Some more explanation can be found in Java theory and practice: Generics gotchas:
Generics are not covariant
While you might find it helpful to
think of collections as being an
abstraction of arrays, they have some
special properties that collections do
not. Arrays in the Java language are
covariant -- which means that if
Integer extends Number (which it
does), then not only is an Integer
also a Number, but an Integer[] is
also a Number[], and you are free to
pass or assign an Integer[] where a
Number[] is called for. (More
formally, if Number is a supertype
of Integer, then Number[] is a
supertype of Integer[].) You might
think the same is true of generic
types as well -- that List<Number>
is a supertype of List<Integer>, and
that you can pass a List<Integer>
where a List<Number> is expected.
Unfortunately, it doesn't work that
way.
It turns out there's a good reason it
doesn't work that way: It would break
the type safety generics were supposed
to provide. Imagine you could assign a
List<Integer> to a List<Number>.
Then the following code would allow
you to put something that wasn't an
Integer into a List<Integer>:
List<Integer> li = new ArrayList<Integer>();
List<Number> ln = li; // illegal
ln.add(new Float(3.1415));
Because ln is a List<Number>, adding
a Float to it seems perfectly legal.
But if ln were aliased with li, then
it would break the type-safety promise
implicit in the definition of li --
that it is a list of integers, which
is why generic types cannot be
covariant.
It is right what cletus said. There is a general mismatch between the usually enforced invariance of generic type parameters vs. covariance of Java arrays.
(Some background: Variance specifies how types relate to each other concerning subtyping. I.e. because of generic type parameters being invariant
Collection <: Collection does not hold. So, concerning the Java type system, a String collection is no CharSequence collection. Arrays being covariant means that for any types T and U with T<:U, T[] <: U[]. So, you can save a variable of type T[] into a variable of type U[]. Since there is a natural need for other forms of variance, Java at least allows wildcards for these purposes.)
The solution (the hack, actually) I often use, is declaring a helper method which generates the array:
public static <T> T[] array(T...els){
return els;
}
void test(){
// warning here: Type safety : A generic array of Class is created for a varargs parameter
Class<? extends CharSequence>[] classes = array(String.class,CharSequence.class);
}
Because of erasure the generated arrays will always be of type Object[].
And what then is the "proper" (or at least, common) way to do this?
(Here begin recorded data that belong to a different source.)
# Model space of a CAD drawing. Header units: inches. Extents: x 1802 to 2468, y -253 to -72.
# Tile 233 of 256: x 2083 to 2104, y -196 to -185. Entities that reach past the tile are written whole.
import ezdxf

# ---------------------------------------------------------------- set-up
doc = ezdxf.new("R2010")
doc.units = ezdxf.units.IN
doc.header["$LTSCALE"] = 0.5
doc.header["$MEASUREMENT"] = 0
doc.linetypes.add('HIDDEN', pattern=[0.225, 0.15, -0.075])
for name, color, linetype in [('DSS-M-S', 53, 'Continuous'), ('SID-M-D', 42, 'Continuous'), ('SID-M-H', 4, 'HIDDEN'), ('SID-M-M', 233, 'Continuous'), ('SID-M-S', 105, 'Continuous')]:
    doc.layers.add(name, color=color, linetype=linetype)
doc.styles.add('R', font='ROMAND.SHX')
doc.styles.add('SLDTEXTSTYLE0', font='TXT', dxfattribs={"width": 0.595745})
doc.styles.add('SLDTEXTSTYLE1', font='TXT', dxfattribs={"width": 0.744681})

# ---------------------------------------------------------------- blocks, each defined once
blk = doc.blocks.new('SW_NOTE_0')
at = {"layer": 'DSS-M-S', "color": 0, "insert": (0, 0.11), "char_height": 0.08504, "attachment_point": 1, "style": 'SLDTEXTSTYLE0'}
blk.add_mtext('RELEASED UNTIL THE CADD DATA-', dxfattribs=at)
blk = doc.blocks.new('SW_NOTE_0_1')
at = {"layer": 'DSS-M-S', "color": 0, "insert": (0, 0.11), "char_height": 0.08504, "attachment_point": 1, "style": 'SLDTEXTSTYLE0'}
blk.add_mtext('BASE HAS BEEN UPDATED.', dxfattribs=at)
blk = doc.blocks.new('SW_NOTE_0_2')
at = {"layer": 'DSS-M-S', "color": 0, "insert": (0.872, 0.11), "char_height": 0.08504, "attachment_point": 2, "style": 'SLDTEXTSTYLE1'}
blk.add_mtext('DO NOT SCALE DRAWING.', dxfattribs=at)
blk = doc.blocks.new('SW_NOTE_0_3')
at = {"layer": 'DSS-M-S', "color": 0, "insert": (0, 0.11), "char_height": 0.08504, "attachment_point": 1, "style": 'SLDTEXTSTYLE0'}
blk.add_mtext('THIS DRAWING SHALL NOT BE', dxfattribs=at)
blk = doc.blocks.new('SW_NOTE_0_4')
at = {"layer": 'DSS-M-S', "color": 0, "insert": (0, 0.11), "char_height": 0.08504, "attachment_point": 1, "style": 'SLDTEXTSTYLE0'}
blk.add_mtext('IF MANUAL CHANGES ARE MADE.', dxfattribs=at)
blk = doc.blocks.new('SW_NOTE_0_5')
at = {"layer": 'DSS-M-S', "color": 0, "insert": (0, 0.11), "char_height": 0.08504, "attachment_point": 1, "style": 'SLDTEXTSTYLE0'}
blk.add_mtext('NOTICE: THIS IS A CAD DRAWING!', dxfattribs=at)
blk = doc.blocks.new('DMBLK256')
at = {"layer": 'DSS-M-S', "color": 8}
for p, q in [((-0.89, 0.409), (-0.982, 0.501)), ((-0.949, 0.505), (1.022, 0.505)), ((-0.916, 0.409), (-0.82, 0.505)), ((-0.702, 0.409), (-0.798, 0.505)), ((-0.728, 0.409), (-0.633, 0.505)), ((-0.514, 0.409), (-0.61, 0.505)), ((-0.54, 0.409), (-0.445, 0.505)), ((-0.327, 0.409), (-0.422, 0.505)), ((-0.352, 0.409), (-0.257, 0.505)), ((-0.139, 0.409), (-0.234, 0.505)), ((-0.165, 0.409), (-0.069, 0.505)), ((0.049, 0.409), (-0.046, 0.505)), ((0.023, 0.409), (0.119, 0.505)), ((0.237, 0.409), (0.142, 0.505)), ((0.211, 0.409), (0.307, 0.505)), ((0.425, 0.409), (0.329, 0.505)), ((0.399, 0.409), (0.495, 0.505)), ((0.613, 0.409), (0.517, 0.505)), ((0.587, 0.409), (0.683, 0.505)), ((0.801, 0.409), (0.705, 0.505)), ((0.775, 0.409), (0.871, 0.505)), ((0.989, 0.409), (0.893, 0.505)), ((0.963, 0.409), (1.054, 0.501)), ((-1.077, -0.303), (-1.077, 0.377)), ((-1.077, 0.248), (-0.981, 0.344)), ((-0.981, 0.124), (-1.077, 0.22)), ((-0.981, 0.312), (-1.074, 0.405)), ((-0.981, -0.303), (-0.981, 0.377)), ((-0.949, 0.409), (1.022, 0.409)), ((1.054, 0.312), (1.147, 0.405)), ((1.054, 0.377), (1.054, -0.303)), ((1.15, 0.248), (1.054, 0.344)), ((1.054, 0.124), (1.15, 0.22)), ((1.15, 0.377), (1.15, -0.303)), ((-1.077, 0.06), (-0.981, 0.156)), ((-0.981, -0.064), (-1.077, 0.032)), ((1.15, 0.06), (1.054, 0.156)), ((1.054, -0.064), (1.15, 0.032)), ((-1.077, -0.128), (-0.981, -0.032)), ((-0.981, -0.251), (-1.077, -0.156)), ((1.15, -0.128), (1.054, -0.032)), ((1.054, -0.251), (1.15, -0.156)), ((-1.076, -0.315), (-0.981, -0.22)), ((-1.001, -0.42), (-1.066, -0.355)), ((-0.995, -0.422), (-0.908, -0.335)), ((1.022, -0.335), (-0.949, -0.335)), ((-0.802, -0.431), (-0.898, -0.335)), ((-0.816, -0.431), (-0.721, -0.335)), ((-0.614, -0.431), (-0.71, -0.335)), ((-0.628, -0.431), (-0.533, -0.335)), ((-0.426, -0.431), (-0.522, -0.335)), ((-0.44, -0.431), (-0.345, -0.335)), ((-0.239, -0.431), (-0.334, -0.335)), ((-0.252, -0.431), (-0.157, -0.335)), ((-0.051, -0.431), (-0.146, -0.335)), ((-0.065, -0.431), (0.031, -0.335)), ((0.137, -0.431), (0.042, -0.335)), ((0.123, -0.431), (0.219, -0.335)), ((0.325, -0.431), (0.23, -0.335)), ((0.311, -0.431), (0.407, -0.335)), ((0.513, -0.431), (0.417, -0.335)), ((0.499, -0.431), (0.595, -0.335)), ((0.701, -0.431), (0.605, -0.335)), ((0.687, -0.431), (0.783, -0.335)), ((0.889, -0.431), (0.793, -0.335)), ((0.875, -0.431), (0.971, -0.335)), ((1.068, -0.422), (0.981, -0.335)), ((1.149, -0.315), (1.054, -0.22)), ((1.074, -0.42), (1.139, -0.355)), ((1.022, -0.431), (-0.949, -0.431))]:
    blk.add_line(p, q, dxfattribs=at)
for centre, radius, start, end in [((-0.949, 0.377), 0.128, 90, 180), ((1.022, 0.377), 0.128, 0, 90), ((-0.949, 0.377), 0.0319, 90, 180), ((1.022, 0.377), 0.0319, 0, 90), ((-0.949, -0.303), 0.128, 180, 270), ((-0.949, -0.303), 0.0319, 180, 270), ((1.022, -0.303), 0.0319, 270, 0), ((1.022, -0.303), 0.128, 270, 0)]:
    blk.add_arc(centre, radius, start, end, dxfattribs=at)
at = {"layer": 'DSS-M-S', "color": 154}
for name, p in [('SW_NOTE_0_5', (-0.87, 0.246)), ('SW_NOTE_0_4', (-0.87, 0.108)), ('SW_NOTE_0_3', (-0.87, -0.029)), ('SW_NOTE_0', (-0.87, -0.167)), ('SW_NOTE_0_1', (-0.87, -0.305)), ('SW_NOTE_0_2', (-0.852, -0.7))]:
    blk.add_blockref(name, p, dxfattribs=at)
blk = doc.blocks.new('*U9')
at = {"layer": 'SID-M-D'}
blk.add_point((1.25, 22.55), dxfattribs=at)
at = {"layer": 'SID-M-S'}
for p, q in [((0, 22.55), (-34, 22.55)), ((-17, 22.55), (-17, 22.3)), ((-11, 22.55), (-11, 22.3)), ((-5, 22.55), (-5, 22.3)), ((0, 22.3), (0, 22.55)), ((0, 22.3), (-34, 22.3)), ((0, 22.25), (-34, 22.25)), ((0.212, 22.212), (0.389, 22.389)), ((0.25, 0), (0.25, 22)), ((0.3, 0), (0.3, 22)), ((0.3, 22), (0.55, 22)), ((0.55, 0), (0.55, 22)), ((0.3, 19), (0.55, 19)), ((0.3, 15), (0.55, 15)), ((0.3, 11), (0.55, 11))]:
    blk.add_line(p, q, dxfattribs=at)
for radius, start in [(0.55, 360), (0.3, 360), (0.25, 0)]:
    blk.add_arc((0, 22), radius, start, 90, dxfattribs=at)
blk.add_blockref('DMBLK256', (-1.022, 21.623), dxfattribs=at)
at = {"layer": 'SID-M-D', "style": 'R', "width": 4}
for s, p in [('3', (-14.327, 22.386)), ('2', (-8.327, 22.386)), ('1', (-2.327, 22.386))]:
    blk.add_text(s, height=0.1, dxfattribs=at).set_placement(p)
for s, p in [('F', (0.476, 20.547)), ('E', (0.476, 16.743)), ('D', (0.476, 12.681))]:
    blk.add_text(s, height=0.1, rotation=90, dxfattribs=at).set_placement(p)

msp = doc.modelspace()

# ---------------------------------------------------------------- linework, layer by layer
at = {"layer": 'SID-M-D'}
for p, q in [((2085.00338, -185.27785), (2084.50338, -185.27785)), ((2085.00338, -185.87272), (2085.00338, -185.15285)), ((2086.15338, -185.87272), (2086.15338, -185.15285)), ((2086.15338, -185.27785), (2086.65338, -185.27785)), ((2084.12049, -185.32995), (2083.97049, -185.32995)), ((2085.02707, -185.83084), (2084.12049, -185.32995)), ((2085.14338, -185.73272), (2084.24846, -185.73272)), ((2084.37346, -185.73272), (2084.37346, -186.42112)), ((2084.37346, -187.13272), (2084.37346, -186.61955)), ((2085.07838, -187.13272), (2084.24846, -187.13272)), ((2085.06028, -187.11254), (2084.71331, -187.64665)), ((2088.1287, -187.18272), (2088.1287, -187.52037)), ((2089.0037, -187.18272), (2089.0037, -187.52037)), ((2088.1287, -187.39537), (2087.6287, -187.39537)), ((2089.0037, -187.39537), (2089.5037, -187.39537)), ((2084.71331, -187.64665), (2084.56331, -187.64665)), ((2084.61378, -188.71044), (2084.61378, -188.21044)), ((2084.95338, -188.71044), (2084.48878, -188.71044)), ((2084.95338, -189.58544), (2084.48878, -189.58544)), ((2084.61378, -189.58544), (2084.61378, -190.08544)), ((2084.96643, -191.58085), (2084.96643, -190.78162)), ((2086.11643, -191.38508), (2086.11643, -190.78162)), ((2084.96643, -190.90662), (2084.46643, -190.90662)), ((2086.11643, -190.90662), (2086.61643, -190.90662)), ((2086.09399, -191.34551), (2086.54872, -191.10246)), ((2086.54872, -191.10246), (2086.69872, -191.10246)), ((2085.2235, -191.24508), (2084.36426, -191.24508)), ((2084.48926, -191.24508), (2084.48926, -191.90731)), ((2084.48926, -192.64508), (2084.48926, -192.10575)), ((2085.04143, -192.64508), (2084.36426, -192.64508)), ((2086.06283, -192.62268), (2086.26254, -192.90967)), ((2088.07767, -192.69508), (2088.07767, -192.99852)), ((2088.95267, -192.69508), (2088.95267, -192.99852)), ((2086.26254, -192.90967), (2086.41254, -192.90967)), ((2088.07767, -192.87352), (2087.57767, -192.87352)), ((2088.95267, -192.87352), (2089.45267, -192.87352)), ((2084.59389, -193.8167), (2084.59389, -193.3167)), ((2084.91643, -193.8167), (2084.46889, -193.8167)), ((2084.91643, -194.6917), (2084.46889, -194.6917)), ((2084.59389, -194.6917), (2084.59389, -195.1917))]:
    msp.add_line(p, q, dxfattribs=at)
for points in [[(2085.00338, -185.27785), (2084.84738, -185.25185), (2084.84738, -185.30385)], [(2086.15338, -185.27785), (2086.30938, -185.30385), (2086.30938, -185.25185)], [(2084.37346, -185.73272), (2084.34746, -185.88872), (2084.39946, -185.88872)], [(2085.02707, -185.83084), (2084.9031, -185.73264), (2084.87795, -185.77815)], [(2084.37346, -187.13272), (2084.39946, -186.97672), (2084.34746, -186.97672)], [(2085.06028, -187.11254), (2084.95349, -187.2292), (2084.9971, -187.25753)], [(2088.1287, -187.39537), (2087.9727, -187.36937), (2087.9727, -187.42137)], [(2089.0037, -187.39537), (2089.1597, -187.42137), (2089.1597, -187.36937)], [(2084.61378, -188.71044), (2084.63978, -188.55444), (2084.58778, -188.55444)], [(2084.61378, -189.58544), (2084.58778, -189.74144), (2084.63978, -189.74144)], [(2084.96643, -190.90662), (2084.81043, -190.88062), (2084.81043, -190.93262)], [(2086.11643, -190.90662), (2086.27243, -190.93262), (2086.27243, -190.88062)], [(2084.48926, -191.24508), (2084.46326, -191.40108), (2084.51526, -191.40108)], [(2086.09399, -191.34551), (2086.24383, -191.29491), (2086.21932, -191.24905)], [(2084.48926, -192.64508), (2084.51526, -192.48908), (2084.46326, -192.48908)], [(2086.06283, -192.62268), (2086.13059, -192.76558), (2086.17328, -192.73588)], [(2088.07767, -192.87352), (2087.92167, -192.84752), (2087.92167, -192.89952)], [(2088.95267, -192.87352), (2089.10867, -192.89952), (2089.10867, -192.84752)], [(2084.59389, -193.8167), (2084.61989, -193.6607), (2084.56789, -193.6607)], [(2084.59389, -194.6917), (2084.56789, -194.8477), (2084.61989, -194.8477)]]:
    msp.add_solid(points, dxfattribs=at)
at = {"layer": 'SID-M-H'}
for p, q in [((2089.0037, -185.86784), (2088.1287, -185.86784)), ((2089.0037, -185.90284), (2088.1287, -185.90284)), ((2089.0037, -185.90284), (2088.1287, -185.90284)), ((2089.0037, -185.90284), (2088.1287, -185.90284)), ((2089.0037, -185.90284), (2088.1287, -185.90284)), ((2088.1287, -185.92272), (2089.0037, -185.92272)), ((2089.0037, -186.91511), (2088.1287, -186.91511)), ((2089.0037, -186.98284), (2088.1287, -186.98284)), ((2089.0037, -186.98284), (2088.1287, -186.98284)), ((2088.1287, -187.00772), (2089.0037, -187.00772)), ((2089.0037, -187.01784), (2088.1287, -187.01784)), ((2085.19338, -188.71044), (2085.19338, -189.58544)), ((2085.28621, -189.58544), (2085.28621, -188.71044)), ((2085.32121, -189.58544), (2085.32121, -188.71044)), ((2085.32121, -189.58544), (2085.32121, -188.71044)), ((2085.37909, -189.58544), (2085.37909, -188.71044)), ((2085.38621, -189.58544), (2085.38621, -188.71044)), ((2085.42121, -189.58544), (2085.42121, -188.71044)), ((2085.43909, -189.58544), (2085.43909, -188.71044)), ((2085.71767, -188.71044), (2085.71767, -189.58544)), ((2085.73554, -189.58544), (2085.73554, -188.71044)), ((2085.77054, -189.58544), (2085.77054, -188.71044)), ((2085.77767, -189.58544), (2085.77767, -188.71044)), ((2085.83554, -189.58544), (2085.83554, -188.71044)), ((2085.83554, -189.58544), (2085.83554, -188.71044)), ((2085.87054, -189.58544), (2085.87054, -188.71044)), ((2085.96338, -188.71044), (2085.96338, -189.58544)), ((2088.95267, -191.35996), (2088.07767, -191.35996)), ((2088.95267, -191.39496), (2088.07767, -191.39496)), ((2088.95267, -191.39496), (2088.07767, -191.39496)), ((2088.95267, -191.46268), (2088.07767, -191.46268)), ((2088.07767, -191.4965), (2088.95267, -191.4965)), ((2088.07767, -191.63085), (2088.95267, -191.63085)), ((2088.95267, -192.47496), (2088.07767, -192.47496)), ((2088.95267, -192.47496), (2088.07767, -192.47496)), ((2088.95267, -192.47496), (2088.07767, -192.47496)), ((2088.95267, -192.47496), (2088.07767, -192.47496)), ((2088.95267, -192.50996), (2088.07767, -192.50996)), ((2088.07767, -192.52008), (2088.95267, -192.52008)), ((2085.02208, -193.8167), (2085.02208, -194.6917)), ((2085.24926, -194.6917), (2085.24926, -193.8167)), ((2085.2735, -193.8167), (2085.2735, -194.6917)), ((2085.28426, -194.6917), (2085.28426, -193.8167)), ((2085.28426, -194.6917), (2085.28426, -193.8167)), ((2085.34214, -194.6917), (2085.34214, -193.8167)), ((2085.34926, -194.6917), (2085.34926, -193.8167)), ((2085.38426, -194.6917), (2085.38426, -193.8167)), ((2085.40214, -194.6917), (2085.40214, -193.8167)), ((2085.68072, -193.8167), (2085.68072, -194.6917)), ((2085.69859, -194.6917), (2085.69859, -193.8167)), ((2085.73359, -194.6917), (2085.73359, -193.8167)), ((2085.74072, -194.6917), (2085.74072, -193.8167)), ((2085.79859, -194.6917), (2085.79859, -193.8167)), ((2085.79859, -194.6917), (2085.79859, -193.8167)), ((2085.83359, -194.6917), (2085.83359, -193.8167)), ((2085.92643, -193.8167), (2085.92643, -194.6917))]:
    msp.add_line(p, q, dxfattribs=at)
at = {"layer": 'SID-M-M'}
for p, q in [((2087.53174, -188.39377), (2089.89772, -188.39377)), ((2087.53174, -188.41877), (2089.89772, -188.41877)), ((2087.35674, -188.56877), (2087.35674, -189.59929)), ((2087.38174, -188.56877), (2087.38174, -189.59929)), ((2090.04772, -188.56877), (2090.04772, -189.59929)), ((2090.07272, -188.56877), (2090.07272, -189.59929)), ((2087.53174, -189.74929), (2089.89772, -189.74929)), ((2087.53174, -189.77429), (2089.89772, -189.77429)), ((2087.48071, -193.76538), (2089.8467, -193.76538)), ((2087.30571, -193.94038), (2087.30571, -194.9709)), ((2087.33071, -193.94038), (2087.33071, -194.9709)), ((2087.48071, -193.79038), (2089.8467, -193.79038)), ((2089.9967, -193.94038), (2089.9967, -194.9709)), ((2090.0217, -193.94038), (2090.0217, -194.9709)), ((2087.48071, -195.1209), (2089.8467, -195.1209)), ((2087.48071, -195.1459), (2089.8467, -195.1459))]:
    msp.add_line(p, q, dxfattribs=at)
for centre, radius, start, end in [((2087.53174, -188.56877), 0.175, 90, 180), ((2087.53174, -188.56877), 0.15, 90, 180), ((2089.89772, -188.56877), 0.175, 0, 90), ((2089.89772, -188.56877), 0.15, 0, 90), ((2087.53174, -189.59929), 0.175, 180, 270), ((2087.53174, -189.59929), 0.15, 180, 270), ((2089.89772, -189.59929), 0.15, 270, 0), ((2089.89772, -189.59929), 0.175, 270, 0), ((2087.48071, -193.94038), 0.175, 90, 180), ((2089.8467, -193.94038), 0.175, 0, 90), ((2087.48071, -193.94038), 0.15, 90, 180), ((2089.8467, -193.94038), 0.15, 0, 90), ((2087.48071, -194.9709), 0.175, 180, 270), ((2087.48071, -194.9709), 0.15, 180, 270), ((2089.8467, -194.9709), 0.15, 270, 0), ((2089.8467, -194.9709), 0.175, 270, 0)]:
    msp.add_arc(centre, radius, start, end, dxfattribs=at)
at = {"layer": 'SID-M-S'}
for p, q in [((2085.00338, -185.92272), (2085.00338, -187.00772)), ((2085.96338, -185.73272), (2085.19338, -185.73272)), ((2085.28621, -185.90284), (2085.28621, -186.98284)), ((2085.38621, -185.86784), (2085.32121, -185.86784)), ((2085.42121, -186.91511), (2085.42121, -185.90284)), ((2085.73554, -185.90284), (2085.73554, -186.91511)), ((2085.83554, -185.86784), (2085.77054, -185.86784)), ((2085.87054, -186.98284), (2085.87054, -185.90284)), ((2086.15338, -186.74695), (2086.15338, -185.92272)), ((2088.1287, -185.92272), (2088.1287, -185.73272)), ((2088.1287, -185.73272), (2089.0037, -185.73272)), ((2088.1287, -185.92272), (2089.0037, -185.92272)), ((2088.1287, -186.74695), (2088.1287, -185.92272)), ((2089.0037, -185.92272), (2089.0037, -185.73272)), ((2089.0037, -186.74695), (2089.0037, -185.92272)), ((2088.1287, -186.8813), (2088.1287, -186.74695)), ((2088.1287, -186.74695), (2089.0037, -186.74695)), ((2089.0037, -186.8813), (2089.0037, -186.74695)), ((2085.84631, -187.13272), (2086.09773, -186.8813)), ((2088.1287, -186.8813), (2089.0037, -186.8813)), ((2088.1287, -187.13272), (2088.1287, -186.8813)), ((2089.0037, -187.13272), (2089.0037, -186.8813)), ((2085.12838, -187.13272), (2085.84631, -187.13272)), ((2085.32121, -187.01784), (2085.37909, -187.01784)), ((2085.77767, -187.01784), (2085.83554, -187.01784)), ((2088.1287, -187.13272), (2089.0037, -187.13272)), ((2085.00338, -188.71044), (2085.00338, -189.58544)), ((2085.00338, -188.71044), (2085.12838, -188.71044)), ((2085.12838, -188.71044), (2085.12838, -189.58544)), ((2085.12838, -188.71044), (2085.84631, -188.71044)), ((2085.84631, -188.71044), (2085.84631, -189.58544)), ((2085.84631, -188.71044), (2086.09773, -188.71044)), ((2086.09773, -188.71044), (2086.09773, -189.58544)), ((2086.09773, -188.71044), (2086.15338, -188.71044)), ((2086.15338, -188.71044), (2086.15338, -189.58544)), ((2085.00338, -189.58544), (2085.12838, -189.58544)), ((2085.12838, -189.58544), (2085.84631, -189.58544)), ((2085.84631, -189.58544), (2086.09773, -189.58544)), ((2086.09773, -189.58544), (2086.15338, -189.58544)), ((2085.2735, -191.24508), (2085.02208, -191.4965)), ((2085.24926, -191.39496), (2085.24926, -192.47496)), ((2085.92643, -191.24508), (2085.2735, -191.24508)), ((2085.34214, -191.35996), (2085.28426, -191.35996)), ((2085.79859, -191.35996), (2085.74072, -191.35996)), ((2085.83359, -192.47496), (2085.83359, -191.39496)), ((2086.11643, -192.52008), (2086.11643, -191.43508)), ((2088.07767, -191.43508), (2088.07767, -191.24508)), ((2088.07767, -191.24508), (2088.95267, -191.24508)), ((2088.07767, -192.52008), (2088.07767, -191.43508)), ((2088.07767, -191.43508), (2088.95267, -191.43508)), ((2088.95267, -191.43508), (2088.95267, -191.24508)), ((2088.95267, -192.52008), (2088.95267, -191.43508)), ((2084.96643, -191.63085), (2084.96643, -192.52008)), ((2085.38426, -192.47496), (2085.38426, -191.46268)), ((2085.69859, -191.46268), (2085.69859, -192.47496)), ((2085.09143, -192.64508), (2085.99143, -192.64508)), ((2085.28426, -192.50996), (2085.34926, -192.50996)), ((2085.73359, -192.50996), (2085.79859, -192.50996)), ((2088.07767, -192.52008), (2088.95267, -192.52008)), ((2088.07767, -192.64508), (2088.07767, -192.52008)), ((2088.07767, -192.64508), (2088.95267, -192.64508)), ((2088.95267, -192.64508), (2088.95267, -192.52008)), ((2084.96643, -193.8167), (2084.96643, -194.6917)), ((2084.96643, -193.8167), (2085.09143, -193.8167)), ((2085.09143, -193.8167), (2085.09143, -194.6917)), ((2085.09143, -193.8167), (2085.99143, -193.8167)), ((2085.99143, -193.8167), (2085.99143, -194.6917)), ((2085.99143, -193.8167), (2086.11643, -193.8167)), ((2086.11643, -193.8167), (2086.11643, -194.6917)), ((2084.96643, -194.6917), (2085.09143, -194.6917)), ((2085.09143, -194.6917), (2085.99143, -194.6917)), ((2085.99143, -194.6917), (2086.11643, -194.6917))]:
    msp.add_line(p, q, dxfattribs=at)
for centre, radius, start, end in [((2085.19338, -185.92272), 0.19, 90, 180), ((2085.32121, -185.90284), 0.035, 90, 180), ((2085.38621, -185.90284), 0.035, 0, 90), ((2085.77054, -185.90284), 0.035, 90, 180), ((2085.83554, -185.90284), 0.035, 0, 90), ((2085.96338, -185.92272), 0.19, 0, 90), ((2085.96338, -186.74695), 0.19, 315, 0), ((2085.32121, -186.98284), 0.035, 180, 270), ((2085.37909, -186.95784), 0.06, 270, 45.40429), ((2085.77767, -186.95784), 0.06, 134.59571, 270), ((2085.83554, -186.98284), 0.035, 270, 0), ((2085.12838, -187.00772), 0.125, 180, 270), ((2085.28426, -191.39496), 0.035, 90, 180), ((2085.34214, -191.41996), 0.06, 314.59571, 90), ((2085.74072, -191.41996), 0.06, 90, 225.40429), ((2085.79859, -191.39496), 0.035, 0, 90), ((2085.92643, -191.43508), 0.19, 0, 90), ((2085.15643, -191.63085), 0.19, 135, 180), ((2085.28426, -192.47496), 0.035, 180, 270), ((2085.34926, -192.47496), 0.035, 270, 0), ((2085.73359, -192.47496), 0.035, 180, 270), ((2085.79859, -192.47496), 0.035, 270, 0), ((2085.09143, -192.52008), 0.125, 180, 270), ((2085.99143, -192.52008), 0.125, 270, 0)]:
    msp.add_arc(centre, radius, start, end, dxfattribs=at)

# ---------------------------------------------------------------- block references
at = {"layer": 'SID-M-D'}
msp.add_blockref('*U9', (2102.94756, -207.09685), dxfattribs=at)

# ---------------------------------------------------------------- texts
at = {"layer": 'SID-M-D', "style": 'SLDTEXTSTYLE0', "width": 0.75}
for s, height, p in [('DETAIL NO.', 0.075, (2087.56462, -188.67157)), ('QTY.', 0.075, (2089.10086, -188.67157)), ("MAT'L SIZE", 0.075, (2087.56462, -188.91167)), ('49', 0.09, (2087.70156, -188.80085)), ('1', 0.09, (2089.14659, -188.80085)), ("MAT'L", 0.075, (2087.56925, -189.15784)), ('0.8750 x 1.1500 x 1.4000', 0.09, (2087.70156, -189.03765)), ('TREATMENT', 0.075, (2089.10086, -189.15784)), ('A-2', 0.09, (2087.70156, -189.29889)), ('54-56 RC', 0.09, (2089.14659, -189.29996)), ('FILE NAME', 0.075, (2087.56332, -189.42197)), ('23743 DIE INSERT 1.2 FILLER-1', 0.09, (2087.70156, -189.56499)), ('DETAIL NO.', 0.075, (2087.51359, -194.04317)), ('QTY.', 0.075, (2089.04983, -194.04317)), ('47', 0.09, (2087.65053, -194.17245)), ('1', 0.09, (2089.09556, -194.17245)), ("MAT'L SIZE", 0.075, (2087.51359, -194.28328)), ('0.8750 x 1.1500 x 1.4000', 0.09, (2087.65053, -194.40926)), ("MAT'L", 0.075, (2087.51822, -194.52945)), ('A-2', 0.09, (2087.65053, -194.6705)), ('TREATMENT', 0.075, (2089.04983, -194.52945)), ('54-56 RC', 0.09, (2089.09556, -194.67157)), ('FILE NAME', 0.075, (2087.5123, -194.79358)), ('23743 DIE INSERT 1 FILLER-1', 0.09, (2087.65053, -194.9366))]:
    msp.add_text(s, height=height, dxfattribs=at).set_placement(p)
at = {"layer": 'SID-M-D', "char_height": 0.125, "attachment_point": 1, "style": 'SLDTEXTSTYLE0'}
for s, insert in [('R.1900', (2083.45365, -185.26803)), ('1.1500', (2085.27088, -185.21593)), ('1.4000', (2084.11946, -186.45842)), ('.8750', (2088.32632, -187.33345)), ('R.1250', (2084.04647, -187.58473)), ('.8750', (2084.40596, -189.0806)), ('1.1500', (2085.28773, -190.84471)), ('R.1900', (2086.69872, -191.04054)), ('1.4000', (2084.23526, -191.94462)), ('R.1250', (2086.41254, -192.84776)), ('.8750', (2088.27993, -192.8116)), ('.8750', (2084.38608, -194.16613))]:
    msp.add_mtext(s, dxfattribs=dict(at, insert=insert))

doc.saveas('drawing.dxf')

#SuppressWarnings(value="unchecked")
public <T> T[] of(Class<T> componentType, int size) {
return (T[]) Array.newInstance(componentType, size);
}
public demo() {
Integer[] a = of(Integer.class, 10);
System.out.println(Arrays.toString(a));
}
Arrays are always of a specific type, unlike how Collections used to be before Generics.
Instead of
Class<? extends IMessage>[] _rgAccepted;
You should simply write
IMessage[] _rgAccepted;
Generics don't enter into it.
IMHO,
this._rgAccepted = (Class<? extends IMessage>[])new Class[1];
is the appropriate way to handle this. Array component types have to be reified types, and Class is the closest reified type to Class<whatever>. It'll work just as you would expect a Class<whatever>[] to work.
Yes, technically it is unchecked and might cause issues later if you cast it to another more general array type and put wrong stuff in it, but since this is a private field in your class, I presume you can make sure it is used appropriately.